Banyak musim telah berlalu dengan tenang, tetapi sore ini, aroma sederhana itu telah memperlambat langkahku. Warna hijau dan kuning yang tersembunyi di bawah sinar matahari membuat jantungku berdebar sekali lagi. Aku berdiri tanpa sadar di trotoar, menempelkan tanganku ke pipi, membiarkan kenanganku kembali bersama aroma itu, membiarkan mimpiku juga dipenuhi aroma kastanye. Dan kemudian dalam mimpi itu, samar-samar aku menemukan syair-syair lama: "Aprikot kuning seperti buah matang/Tanda kastanye tergantung di suatu tempat/Angin membawa aroma yang aneh/Jalan menuju sekolah ramai..."
Kesibukan hidup sehari-hari. Hujan dan terik matahari di luar sana memaksa kita menyimpan segalanya di sudut hati, baru berani membukanya saat malam tiba. Terkadang aku terisak dan menyalahkan diri sendiri karena begitu tak berperasaan! Apakah aku sudah melupakan masa kecilku?
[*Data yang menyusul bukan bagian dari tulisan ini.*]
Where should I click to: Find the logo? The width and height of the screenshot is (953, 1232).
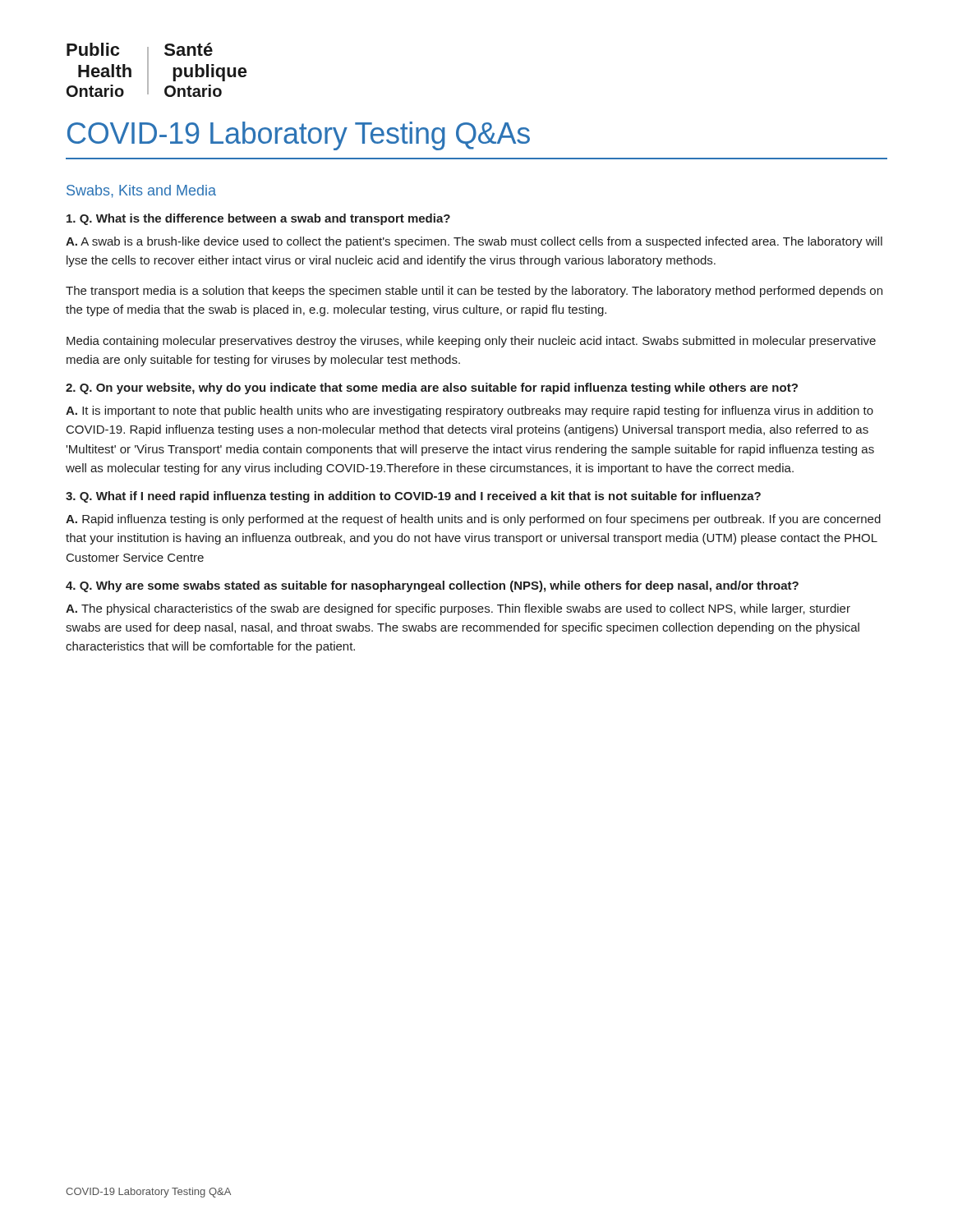476,70
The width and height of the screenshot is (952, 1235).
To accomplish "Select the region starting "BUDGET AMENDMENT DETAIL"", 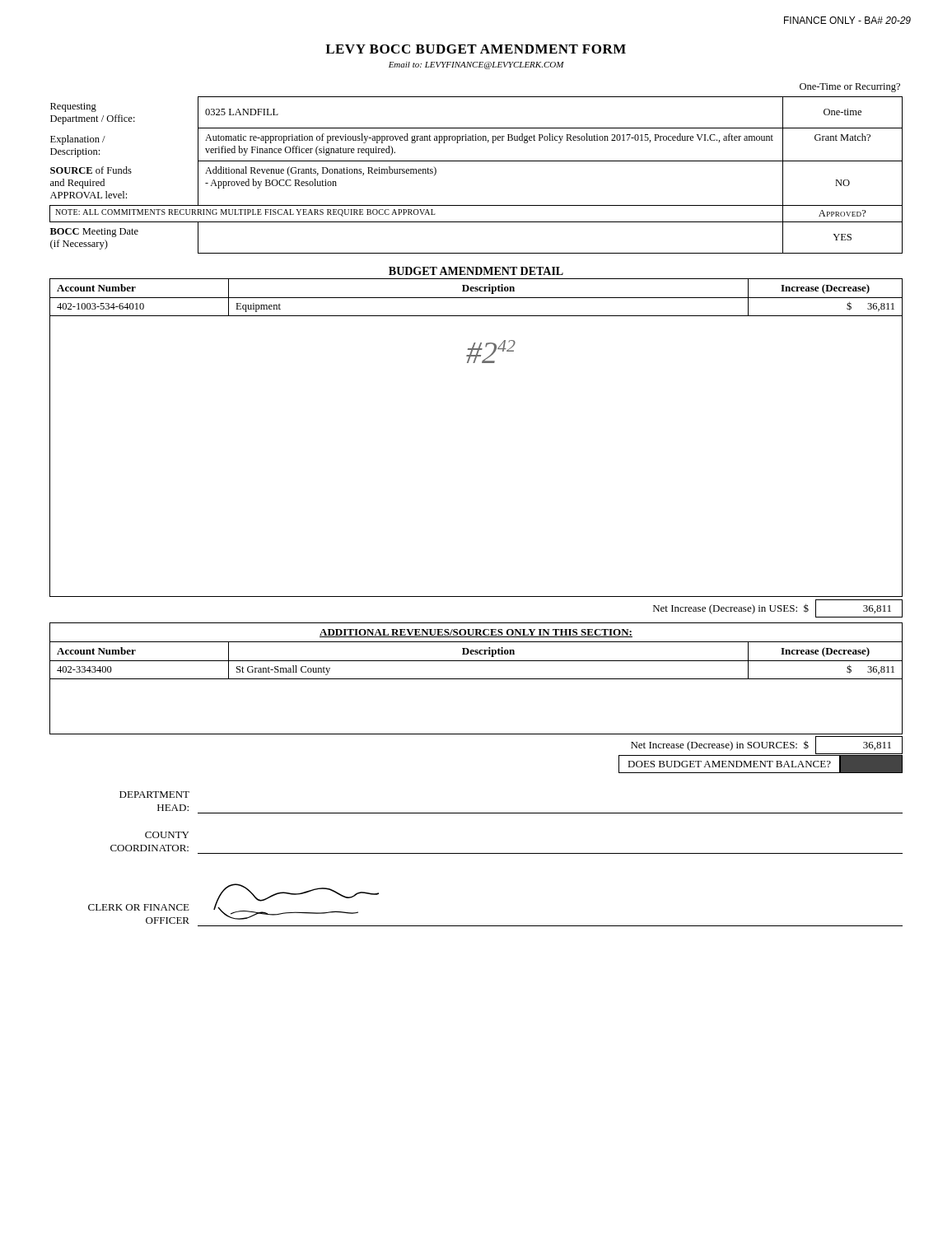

Sudahkah kau lupa hamparan bukit yang ditumbuhi bunga sim ungu dan kastanye kuning? Waktu terpatri di mata, waktu terpatri pada setiap helai rambut yang telah berubah warna menjadi senja. Namun untungnya, jauh di tanah nostalgia, masih utuh jalan-jalan berdebu merah di sepanjang lereng dengan pohon kastanye yang menghasilkan bunga kuning dengan aroma yang sangat unik dan tak terlupakan. Tak mudah melupakan sekuntum bunga dalam kenangan masa kecil kita.
Kota ini kini juga masih memiliki aroma samar bunga kastanye. Kastanye ditanam di kebun rumah. Gugusan-gugusan kecil bunganya masih tak henti-hentinya menyebarkan aromanya. Gugusan-gugusan hijau muda bercampur kuning tua itu terkadang membuat orang-orang yang jauh dari rumah kebingungan di tengah hiruk pikuk kota. Dan sore ini, ada seseorang yang dengan rakus menghirup aroma masa kecil, meluluhkan rasa rindunya.
Sore perlahan tiba. Hidup terasa begitu lembut dan damai. Aroma masa kecil kembali membawa kita ke kenangan lama, kembali ke mimpi indah masa muda yang murni. Di tengah hiruk pikuk kota yang jauh, samar-samar kita mendengar suara-suara familiar dari harmoni yang penuh gairah dan agung.